*Task item:* Lines holding the string "Answer" are the ones to copy from this listing.

*Input material:*
=-=-=-=-=

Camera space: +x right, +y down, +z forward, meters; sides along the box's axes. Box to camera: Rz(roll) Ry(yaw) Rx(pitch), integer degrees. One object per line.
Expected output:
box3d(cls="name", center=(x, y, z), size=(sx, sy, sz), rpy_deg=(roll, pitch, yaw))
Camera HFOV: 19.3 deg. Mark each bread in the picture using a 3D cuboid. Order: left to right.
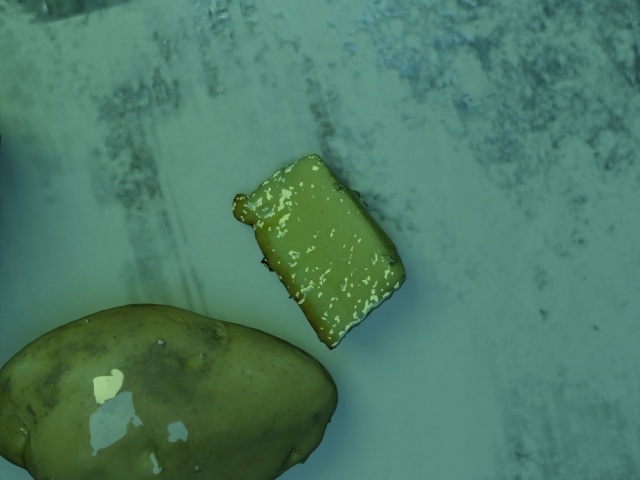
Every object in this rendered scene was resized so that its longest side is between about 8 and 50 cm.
box3d(cls="bread", center=(0.000, 0.000, 1.282), size=(0.084, 0.080, 0.109), rpy_deg=(-38, 106, 8))

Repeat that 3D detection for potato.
box3d(cls="potato", center=(-0.113, 0.127, 1.296), size=(0.235, 0.128, 0.161), rpy_deg=(14, 111, -10))
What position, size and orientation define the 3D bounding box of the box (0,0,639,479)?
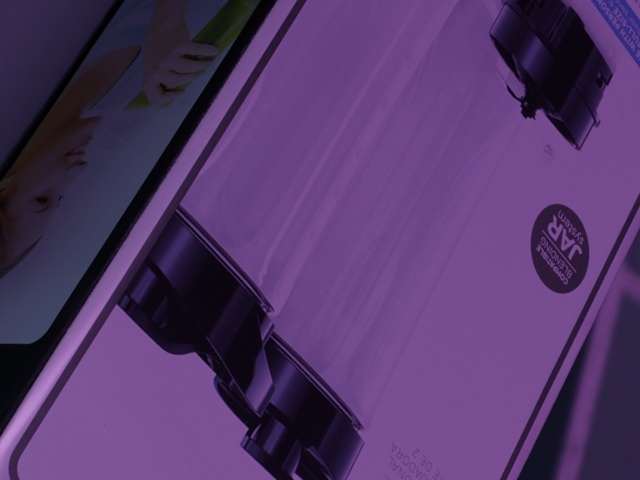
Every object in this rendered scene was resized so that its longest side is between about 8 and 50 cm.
[{"bbox_3d":[0.000,0.000,0.603,0.169,0.087,0.290,49,58,-31],"label":"box"}]
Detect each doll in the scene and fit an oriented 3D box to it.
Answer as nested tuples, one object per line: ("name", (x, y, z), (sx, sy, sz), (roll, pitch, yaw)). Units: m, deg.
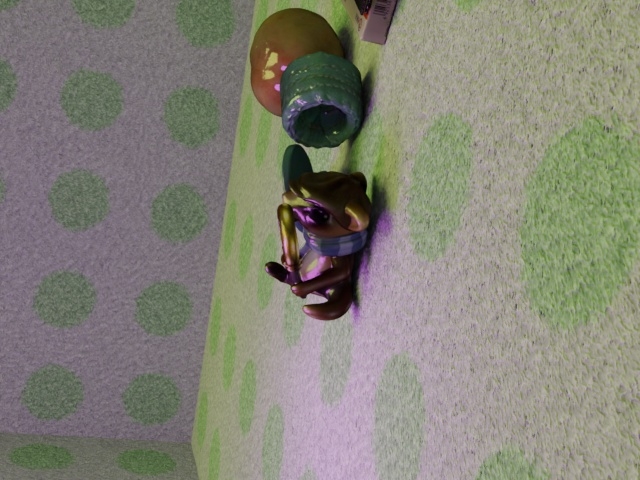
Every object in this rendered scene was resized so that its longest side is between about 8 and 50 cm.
("doll", (-0.005, 0.000, 1.825), (0.318, 0.209, 0.339), (-75, -2, -47))

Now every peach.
("peach", (-0.070, -0.463, 2.196), (0.292, 0.247, 0.292), (20, -90, -87))

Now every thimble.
("thimble", (0.004, -0.324, 1.982), (0.235, 0.198, 0.143), (69, -164, -63))

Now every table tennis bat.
("table tennis bat", (-0.033, -0.130, 2.026), (0.329, 0.044, 0.215), (-38, -63, -72))

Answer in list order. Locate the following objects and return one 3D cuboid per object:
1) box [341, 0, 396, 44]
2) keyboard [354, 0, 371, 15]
("box", (0.115, -0.626, 1.956), (0.353, 0.069, 0.214), (-102, 24, -54))
("keyboard", (0.084, -0.623, 1.901), (0.317, 0.027, 0.106), (-101, 20, -50))
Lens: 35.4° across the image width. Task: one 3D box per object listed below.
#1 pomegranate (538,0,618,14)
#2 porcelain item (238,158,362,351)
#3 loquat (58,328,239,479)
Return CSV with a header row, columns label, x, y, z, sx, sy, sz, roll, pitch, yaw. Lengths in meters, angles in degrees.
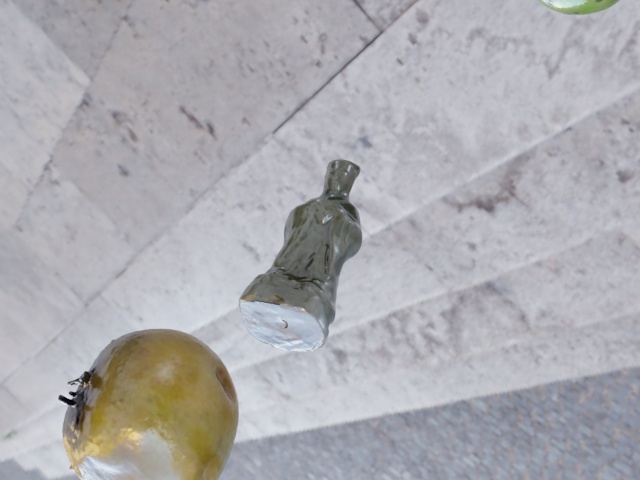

=-=-=-=-=

*Output of the task:*
Answer as nested tuples, one object per line: ("name", (x, y, z), (sx, sy, sz), (roll, pitch, yaw)). Units: m, deg.
Answer in list order. Locate the following objects and return one 3D cuboid per object:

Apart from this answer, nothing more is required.